Folha de S.Paulo

O preço do estelionat­o eleitoral

Plano para baixar combustíve­l custa mais que Auxílio Brasil e investimen­to federal

- Vinicius Torres Freire Jornalista, foi secretário de Redação da Folha. É mestre em administra­ção pública pela Universida­de Harvard (EUA) vinicius.torres@grupofolha.com.br

O pacote de combustíve­is de Jair Bolsonaro-centrão não tem pé nem cabeça. Parece ideia anotada em um guardanapo de papel sujo de leite condensado e farofa. Feitas as contas possíveis, nota-se que vai custar mais do que alguns maiores programas do governo federal. Pode provocar inflação e mais endividame­nto no ano que vem, depois da eleição.

É o estelionat­o eleitoral típico. Se o truque não funcionar, Bolsonaro poderá tentar jogar a culpa em alguém, nos estados, seu método irresponsá­vel de desgoverna­r.

Suponha-se que as reduções de impostos sobre gasolina, etanol, diesel e gás de cozinha durem de julho a dezembro. A redução de receita seria de cerca de R$ 48,6 bilhões em um semestre. Em um ano, de R$ 92,2 bilhões (o consumo nas metades do ano é diferente).

O Auxílio Emergencia­l, que dá comida para 18 milhões de famílias, custa R$ 89 bilhões por ano.

O BPC (Benefício de Prestação Continuada), auxílio pago para idosos e pessoas com deficiênci­a muito pobres, custa R$ 71,7 bilhões por ano. O seguro-desemprego leva R$ 38,8 bilhões anuais. O investimen­to federal em “obras” leva R$ 43 bilhões.

O dinheiro do desconto de impostos sobre combustíve­is é, por assim dizer, indiscrimi­nado. Ricos e pobres, todo o mundo que paga combustíve­l ou preços influencia­dos por combustíve­l, se beneficia (mais os mais ricos do que os pobres). Você acha correto isso?
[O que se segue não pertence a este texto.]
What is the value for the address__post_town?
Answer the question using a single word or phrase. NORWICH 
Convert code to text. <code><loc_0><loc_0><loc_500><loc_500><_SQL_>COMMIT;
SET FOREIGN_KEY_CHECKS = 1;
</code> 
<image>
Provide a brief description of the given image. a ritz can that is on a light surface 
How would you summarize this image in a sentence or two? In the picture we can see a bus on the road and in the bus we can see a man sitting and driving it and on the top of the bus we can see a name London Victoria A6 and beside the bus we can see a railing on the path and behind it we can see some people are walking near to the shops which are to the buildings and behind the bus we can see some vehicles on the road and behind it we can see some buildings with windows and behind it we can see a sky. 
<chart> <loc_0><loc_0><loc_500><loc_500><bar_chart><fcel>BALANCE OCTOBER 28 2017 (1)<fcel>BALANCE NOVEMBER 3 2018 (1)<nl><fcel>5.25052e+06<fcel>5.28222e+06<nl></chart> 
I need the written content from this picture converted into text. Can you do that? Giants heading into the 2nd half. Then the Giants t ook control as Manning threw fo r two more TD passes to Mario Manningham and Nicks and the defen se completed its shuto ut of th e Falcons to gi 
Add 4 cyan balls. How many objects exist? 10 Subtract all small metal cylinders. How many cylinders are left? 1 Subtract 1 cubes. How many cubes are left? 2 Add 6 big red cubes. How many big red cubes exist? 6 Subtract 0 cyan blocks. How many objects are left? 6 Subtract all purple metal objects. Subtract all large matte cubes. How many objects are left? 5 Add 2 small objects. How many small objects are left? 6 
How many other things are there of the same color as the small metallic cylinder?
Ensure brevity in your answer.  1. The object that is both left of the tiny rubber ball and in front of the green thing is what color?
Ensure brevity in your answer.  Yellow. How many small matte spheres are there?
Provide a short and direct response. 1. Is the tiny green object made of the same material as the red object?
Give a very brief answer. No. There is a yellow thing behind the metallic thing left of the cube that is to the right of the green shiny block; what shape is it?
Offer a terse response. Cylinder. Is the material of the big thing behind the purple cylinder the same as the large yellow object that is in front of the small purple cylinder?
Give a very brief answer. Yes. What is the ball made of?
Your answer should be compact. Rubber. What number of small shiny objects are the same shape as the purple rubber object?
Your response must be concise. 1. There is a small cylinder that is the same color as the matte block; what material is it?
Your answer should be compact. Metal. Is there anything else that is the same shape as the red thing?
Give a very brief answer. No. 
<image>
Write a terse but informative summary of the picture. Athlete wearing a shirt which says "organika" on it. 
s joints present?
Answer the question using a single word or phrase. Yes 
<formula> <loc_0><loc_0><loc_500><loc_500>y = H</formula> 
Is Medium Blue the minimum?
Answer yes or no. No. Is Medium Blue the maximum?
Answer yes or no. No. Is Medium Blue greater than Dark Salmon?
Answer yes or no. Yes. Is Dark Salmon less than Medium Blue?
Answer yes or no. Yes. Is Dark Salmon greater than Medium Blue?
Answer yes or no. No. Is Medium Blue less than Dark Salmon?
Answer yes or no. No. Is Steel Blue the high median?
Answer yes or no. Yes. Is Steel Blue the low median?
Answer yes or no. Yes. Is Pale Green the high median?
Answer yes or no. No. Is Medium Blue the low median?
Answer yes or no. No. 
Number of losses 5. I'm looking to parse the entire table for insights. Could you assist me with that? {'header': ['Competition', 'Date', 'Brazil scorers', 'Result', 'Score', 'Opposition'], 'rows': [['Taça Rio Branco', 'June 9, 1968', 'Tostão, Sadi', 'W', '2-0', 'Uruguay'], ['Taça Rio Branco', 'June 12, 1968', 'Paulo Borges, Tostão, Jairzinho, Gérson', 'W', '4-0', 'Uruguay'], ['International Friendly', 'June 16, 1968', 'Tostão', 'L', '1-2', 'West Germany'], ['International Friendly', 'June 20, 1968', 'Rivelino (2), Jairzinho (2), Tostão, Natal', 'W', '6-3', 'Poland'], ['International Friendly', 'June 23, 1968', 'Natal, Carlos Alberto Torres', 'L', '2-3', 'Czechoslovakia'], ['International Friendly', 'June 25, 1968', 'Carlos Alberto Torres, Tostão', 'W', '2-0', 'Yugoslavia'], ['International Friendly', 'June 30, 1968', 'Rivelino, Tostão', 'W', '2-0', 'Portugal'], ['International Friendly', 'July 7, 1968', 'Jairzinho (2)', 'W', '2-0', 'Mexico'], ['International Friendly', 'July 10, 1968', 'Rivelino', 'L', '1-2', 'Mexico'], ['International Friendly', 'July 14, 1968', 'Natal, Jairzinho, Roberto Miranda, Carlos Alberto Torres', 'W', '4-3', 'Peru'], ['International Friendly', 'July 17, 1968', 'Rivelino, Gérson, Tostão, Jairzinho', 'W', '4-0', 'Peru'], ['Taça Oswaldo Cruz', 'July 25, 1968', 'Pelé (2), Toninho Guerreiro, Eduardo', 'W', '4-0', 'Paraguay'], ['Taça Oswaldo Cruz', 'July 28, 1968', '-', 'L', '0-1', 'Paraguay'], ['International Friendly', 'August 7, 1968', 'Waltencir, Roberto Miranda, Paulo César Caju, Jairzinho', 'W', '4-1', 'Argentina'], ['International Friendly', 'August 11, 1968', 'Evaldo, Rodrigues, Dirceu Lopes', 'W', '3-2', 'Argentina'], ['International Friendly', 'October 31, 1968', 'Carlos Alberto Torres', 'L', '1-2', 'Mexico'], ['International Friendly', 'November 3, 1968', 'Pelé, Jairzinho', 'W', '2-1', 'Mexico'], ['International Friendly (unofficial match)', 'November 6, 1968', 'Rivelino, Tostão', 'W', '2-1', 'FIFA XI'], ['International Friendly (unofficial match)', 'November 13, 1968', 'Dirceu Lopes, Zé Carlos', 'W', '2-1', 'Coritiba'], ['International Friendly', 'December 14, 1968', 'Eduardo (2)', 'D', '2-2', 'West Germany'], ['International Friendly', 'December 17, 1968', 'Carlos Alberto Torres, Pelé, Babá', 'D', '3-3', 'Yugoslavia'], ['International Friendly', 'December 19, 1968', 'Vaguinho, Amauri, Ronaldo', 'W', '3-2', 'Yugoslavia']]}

Suponha-se que o preço dos combustíve­is não baixe até 31 de dezembro (se não aumentar ainda mais). O próximo governo, então, terá de prorrogar o desconto de impostos, fazendo ainda mais dívida e pagando ainda mais juros (para ricos). Em decorrênci­a, taxas de juros e dólar tendem a ficar mais salgados, tudo mais constante.

Se não prorrogar o desconto de impostos, a inflação dará um salto, talvez bastante para colocar a inflação acima da meta em 2023. Mais juros.

Alguns países estão dando auxílios para atenuar esta crise. Mas, a dar dinheiro, por que não beneficiar pobres? Por falar nisso, governos no Brasil têm tido receita extra por causa da carestia, mas: 1) isso não vai durar; 2) não está sobrando dinheiro: o governo federal já é deficitári­o.

Se rolar, o desconto de impostos seria de R$ 24 bilhões até o primeiro turno, R$ 32 bilhões até um segundo turno. Por isso, a economia pode esquentar (ou deixar de esfriar) um pouquinho. Isso pode dar algum impulso à inflação de outros itens que não combustíve­is.

Se o consumo de diesel aumentar, dado o preço menor, aumentam os riscos de que falte combustíve­l, ainda improvável.

Pode ser que nem todo o desconto de impostos chegue ao consumidor. A diferença pode ficar no caminho, com alguma empresa (do negócio de combustíve­is ou outras).

Essa conta de perda de receita com impostos é meramente contábil (o que se deixa de arrecadar, dadas a redução de alíquota e a receita atual). Como deve haver aumento de consumo, parte do imposto volta, sabe-se lá quanto. Os efeitos econômicos colaterais ficam.

Nessa conta de perda semestral de receita de R$ 48,6 bilhões entram o desconto de impostos federais sobre gasolina e etanol (R$ 18,3 bilhões) e o dinheiro que o governo federal promete devolver aos estados caso reduzam a zero o (possível) novo ICMS sobre diesel e gás de cozinha, além das perdas estaduais com a possível redução para 17% ou 18% das alíquotas atuais do ICMS sobre esses combustíve­is (R$ 30,3 bilhões).

O plano é socialment­e injusto, cria distorção econômica, é um estímulo econômico ineficient­e, bananeiro e empurra um problemão para depois da eleição. Para variar, Bolsonaro foi negligente, inepto e laborfóbic­o. Agora, tenta um estelionat­o eleitoral.